- RECORDS PROVIDED -

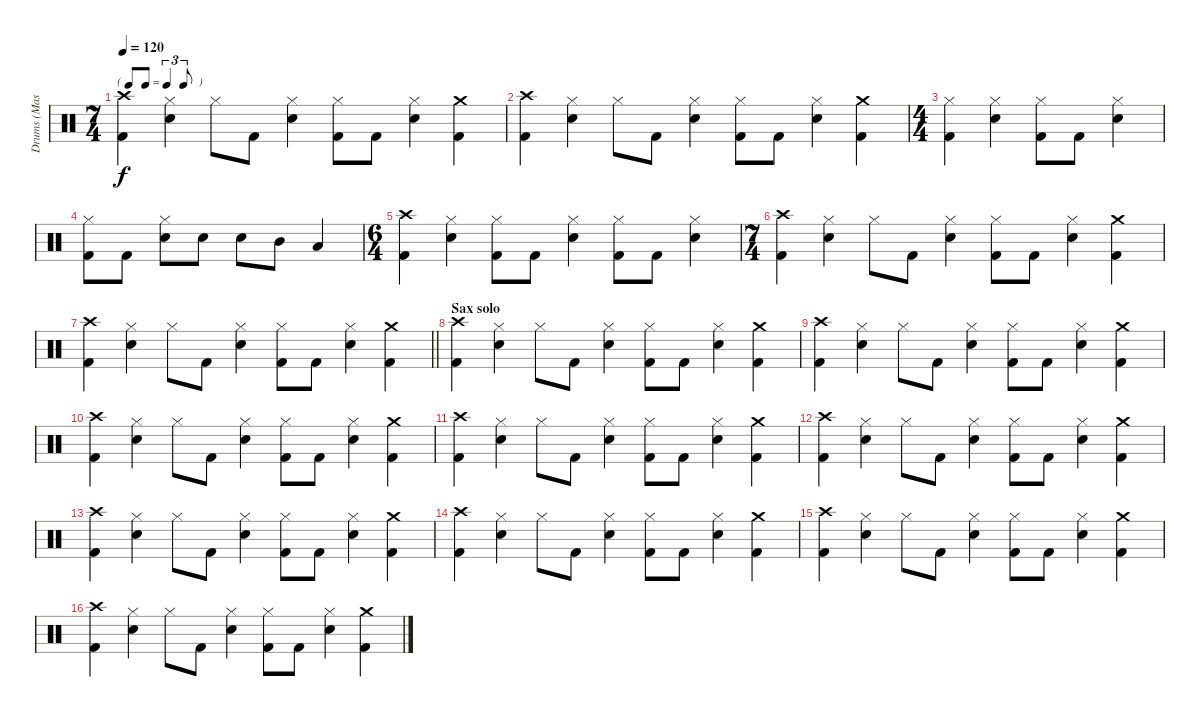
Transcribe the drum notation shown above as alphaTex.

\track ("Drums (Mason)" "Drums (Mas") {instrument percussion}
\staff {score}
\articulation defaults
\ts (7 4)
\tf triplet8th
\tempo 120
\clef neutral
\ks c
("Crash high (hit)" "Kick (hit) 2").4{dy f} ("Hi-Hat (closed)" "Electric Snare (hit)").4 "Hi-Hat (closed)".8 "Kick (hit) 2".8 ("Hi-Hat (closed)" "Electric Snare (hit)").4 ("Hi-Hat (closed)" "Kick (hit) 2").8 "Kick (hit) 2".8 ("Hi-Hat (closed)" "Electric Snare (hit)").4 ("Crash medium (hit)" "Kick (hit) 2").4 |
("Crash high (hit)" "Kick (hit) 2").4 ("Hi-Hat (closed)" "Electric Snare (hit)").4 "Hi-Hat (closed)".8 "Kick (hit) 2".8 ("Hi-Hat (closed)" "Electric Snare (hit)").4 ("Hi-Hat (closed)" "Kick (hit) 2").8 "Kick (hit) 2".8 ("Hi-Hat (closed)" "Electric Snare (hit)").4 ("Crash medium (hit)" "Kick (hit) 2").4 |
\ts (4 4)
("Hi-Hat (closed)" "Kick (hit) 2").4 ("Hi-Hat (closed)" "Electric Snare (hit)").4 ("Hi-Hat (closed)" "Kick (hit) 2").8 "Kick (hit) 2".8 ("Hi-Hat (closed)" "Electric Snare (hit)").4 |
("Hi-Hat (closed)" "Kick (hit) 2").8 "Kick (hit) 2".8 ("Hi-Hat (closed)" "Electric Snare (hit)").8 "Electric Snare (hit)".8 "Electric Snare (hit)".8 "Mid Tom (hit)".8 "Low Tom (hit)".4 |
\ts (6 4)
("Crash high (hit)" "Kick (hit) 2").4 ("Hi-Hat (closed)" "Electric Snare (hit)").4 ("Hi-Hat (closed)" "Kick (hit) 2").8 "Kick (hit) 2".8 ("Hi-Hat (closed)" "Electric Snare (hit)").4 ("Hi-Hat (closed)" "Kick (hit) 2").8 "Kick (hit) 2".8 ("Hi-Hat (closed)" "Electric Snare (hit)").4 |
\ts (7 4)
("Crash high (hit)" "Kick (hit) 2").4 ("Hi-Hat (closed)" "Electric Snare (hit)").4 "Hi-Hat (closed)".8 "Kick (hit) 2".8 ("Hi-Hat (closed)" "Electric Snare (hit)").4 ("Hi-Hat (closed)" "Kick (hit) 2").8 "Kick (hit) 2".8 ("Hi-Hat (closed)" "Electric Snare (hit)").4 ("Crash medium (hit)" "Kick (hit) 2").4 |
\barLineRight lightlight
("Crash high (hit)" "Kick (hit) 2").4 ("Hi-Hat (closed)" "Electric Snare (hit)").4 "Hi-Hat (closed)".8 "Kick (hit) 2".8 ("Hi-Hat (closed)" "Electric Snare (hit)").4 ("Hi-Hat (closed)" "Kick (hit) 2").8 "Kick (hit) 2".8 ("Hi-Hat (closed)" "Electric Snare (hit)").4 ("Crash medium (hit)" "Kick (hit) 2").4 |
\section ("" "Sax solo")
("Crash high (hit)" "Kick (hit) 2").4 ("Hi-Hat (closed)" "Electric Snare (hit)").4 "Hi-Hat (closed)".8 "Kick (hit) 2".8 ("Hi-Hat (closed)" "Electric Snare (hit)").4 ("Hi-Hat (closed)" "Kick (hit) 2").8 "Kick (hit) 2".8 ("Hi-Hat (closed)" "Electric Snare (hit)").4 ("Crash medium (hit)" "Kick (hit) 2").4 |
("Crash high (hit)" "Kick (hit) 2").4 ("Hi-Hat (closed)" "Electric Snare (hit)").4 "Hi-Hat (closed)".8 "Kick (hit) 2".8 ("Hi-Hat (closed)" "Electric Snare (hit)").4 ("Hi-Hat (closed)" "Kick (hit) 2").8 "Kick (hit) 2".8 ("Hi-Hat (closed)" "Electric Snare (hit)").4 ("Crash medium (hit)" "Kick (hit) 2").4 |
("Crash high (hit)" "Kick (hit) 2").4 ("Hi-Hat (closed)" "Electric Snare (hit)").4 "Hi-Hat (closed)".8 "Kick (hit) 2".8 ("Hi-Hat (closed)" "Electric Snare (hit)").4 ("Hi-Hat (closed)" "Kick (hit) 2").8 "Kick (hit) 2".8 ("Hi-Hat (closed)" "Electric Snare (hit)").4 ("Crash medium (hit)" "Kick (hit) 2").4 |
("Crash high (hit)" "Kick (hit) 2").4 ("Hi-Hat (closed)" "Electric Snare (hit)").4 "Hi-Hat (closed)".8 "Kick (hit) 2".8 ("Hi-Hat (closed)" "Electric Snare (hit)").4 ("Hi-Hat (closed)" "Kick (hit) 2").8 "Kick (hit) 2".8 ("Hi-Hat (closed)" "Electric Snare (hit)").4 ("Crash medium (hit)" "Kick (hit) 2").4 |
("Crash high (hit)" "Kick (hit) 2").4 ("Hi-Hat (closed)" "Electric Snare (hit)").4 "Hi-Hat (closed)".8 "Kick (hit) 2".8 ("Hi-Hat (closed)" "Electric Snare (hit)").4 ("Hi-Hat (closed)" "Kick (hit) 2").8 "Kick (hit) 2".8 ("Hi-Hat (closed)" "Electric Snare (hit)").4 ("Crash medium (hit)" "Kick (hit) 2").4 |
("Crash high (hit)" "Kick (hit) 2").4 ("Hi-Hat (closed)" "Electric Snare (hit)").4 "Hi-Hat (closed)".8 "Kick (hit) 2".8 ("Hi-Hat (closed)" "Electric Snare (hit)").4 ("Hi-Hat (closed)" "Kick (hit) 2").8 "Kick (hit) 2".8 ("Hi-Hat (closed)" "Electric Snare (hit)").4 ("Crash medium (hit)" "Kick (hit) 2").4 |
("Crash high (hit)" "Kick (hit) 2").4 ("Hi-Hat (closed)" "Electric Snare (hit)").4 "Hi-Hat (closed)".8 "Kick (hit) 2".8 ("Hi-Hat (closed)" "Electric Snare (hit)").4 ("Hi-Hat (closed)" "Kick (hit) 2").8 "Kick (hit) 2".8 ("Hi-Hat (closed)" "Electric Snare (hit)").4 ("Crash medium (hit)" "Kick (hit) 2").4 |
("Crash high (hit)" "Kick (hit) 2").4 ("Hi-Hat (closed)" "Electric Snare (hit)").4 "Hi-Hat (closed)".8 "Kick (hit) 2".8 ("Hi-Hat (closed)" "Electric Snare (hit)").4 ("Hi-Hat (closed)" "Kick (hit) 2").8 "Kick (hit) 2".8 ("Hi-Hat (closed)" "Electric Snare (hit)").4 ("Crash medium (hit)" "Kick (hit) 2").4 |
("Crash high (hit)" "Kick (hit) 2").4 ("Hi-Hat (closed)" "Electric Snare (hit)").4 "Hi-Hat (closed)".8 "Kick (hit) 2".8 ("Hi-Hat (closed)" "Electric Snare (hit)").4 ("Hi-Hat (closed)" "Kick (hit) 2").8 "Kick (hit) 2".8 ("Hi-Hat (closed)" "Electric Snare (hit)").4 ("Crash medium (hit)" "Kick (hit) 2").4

- WHAT IS NEEDED -
Without the pictures, repeat the listing word for word.

- SOLUTION TO THIS PROBLEM -
Transcribe the drum notation shown above as alphaTex.

\track ("Drums (Mason)" "Drums (Mas") {instrument percussion}
\staff {score}
\articulation defaults
\ts (7 4)
\tf triplet8th
\tempo 120
\clef neutral
\ks c
("Crash high (hit)" "Kick (hit) 2").4{dy f} ("Hi-Hat (closed)" "Electric Snare (hit)").4 "Hi-Hat (closed)".8 "Kick (hit) 2".8 ("Hi-Hat (closed)" "Electric Snare (hit)").4 ("Hi-Hat (closed)" "Kick (hit) 2").8 "Kick (hit) 2".8 ("Hi-Hat (closed)" "Electric Snare (hit)").4 ("Crash medium (hit)" "Kick (hit) 2").4 |
("Crash high (hit)" "Kick (hit) 2").4 ("Hi-Hat (closed)" "Electric Snare (hit)").4 "Hi-Hat (closed)".8 "Kick (hit) 2".8 ("Hi-Hat (closed)" "Electric Snare (hit)").4 ("Hi-Hat (closed)" "Kick (hit) 2").8 "Kick (hit) 2".8 ("Hi-Hat (closed)" "Electric Snare (hit)").4 ("Crash medium (hit)" "Kick (hit) 2").4 |
\ts (4 4)
("Hi-Hat (closed)" "Kick (hit) 2").4 ("Hi-Hat (closed)" "Electric Snare (hit)").4 ("Hi-Hat (closed)" "Kick (hit) 2").8 "Kick (hit) 2".8 ("Hi-Hat (closed)" "Electric Snare (hit)").4 |
("Hi-Hat (closed)" "Kick (hit) 2").8 "Kick (hit) 2".8 ("Hi-Hat (closed)" "Electric Snare (hit)").8 "Electric Snare (hit)".8 "Electric Snare (hit)".8 "Mid Tom (hit)".8 "Low Tom (hit)".4 |
\ts (6 4)
("Crash high (hit)" "Kick (hit) 2").4 ("Hi-Hat (closed)" "Electric Snare (hit)").4 ("Hi-Hat (closed)" "Kick (hit) 2").8 "Kick (hit) 2".8 ("Hi-Hat (closed)" "Electric Snare (hit)").4 ("Hi-Hat (closed)" "Kick (hit) 2").8 "Kick (hit) 2".8 ("Hi-Hat (closed)" "Electric Snare (hit)").4 |
\ts (7 4)
("Crash high (hit)" "Kick (hit) 2").4 ("Hi-Hat (closed)" "Electric Snare (hit)").4 "Hi-Hat (closed)".8 "Kick (hit) 2".8 ("Hi-Hat (closed)" "Electric Snare (hit)").4 ("Hi-Hat (closed)" "Kick (hit) 2").8 "Kick (hit) 2".8 ("Hi-Hat (closed)" "Electric Snare (hit)").4 ("Crash medium (hit)" "Kick (hit) 2").4 |
\barLineRight lightlight
("Crash high (hit)" "Kick (hit) 2").4 ("Hi-Hat (closed)" "Electric Snare (hit)").4 "Hi-Hat (closed)".8 "Kick (hit) 2".8 ("Hi-Hat (closed)" "Electric Snare (hit)").4 ("Hi-Hat (closed)" "Kick (hit) 2").8 "Kick (hit) 2".8 ("Hi-Hat (closed)" "Electric Snare (hit)").4 ("Crash medium (hit)" "Kick (hit) 2").4 |
\section ("" "Sax solo")
("Crash high (hit)" "Kick (hit) 2").4 ("Hi-Hat (closed)" "Electric Snare (hit)").4 "Hi-Hat (closed)".8 "Kick (hit) 2".8 ("Hi-Hat (closed)" "Electric Snare (hit)").4 ("Hi-Hat (closed)" "Kick (hit) 2").8 "Kick (hit) 2".8 ("Hi-Hat (closed)" "Electric Snare (hit)").4 ("Crash medium (hit)" "Kick (hit) 2").4 |
("Crash high (hit)" "Kick (hit) 2").4 ("Hi-Hat (closed)" "Electric Snare (hit)").4 "Hi-Hat (closed)".8 "Kick (hit) 2".8 ("Hi-Hat (closed)" "Electric Snare (hit)").4 ("Hi-Hat (closed)" "Kick (hit) 2").8 "Kick (hit) 2".8 ("Hi-Hat (closed)" "Electric Snare (hit)").4 ("Crash medium (hit)" "Kick (hit) 2").4 |
("Crash high (hit)" "Kick (hit) 2").4 ("Hi-Hat (closed)" "Electric Snare (hit)").4 "Hi-Hat (closed)".8 "Kick (hit) 2".8 ("Hi-Hat (closed)" "Electric Snare (hit)").4 ("Hi-Hat (closed)" "Kick (hit) 2").8 "Kick (hit) 2".8 ("Hi-Hat (closed)" "Electric Snare (hit)").4 ("Crash medium (hit)" "Kick (hit) 2").4 |
("Crash high (hit)" "Kick (hit) 2").4 ("Hi-Hat (closed)" "Electric Snare (hit)").4 "Hi-Hat (closed)".8 "Kick (hit) 2".8 ("Hi-Hat (closed)" "Electric Snare (hit)").4 ("Hi-Hat (closed)" "Kick (hit) 2").8 "Kick (hit) 2".8 ("Hi-Hat (closed)" "Electric Snare (hit)").4 ("Crash medium (hit)" "Kick (hit) 2").4 |
("Crash high (hit)" "Kick (hit) 2").4 ("Hi-Hat (closed)" "Electric Snare (hit)").4 "Hi-Hat (closed)".8 "Kick (hit) 2".8 ("Hi-Hat (closed)" "Electric Snare (hit)").4 ("Hi-Hat (closed)" "Kick (hit) 2").8 "Kick (hit) 2".8 ("Hi-Hat (closed)" "Electric Snare (hit)").4 ("Crash medium (hit)" "Kick (hit) 2").4 |
("Crash high (hit)" "Kick (hit) 2").4 ("Hi-Hat (closed)" "Electric Snare (hit)").4 "Hi-Hat (closed)".8 "Kick (hit) 2".8 ("Hi-Hat (closed)" "Electric Snare (hit)").4 ("Hi-Hat (closed)" "Kick (hit) 2").8 "Kick (hit) 2".8 ("Hi-Hat (closed)" "Electric Snare (hit)").4 ("Crash medium (hit)" "Kick (hit) 2").4 |
("Crash high (hit)" "Kick (hit) 2").4 ("Hi-Hat (closed)" "Electric Snare (hit)").4 "Hi-Hat (closed)".8 "Kick (hit) 2".8 ("Hi-Hat (closed)" "Electric Snare (hit)").4 ("Hi-Hat (closed)" "Kick (hit) 2").8 "Kick (hit) 2".8 ("Hi-Hat (closed)" "Electric Snare (hit)").4 ("Crash medium (hit)" "Kick (hit) 2").4 |
("Crash high (hit)" "Kick (hit) 2").4 ("Hi-Hat (closed)" "Electric Snare (hit)").4 "Hi-Hat (closed)".8 "Kick (hit) 2".8 ("Hi-Hat (closed)" "Electric Snare (hit)").4 ("Hi-Hat (closed)" "Kick (hit) 2").8 "Kick (hit) 2".8 ("Hi-Hat (closed)" "Electric Snare (hit)").4 ("Crash medium (hit)" "Kick (hit) 2").4 |
("Crash high (hit)" "Kick (hit) 2").4 ("Hi-Hat (closed)" "Electric Snare (hit)").4 "Hi-Hat (closed)".8 "Kick (hit) 2".8 ("Hi-Hat (closed)" "Electric Snare (hit)").4 ("Hi-Hat (closed)" "Kick (hit) 2").8 "Kick (hit) 2".8 ("Hi-Hat (closed)" "Electric Snare (hit)").4 ("Crash medium (hit)" "Kick (hit) 2").4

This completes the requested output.